Word Wrap¶
Split a string at a given width without breaking words, the same line-wrapping logic used when formatting text for terminal UIs or pre-processing input for NLP tokenizers.
Problem¶
Given a string and a character limit, split the text into lines where no line exceeds the limit. Words must not be broken mid-way; if a word doesn't fit on the current line, start a new one.
Input: "The quick brown fox", limit 12
Output: ["The quick", "brown fox"]
Approach¶
- Split the text into words.
- Maintain a running line. For each word, check if appending it (plus a space) would exceed the limit.
- If it fits, append. If not, flush the current line to the result and start a new line with the current word.
- After the loop, flush any remaining text.
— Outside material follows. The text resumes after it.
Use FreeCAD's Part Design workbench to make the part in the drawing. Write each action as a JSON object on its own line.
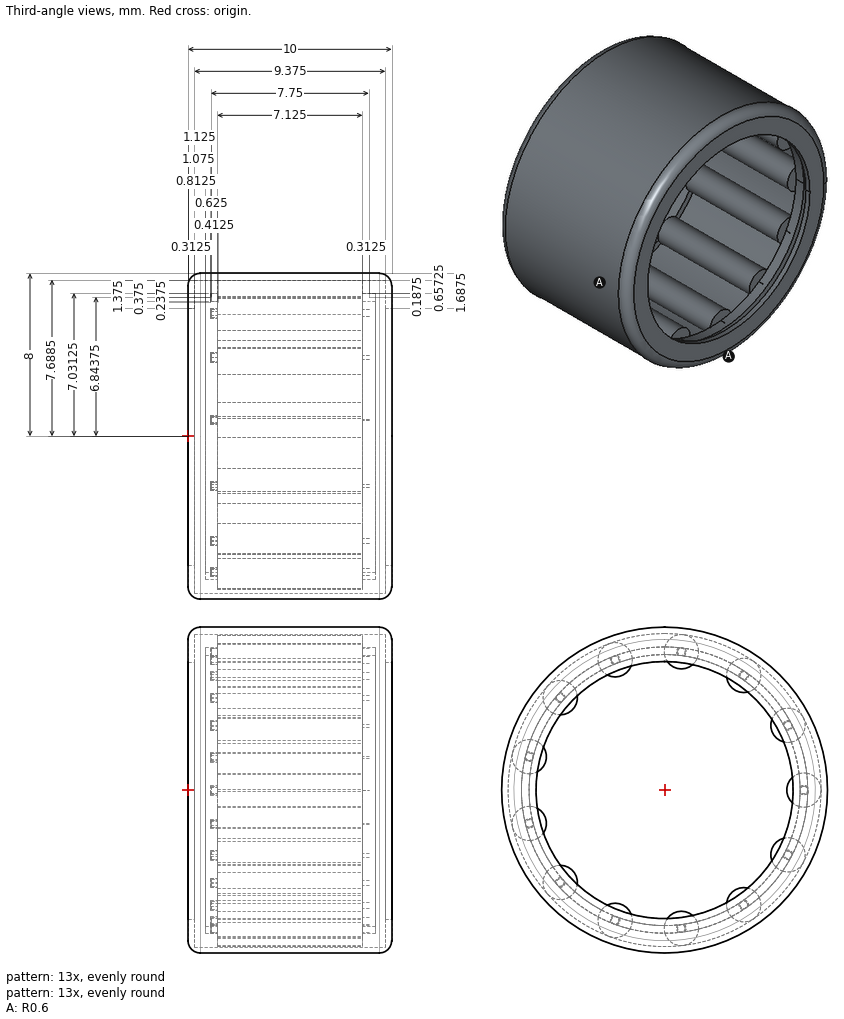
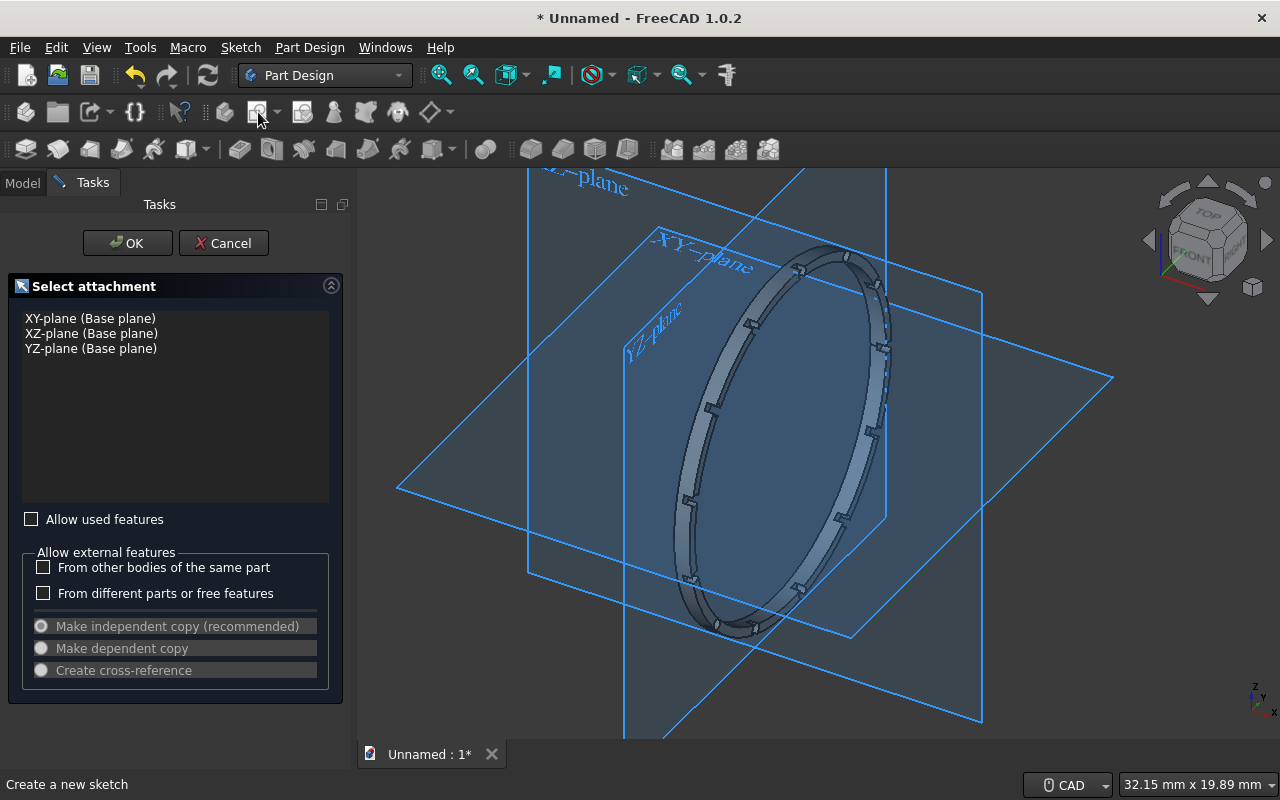
{"action": "left_click", "coordinate": [82, 318]}

This is a single-pass greedy algorithm, no backtracking needed.
Implementation¶
def word_wrap(text, limit):
words = text.split(" ")
lines = []
current = ""
for word in words:
new_len = len(word) if not current else len(current) + len(word) + 1
if new_len > limit:
if current:
lines.append(current)
current = word
else:
current = f"{current} {word}".strip()
if current:
lines.append(current)
return lines
text = "The quick brown fox"
assert word_wrap(text, 12) == ["The quick", "brown fox"]
Complexity¶
- Time: O(n), single pass over all characters
- Space: O(n), storing the output lines
Takeaway¶
Word wrapping is a greedy interval-packing problem. The same pattern shows up when chunking documents for retrieval-augmented generation (RAG), you want to split text at natural boundaries without exceeding a token budget.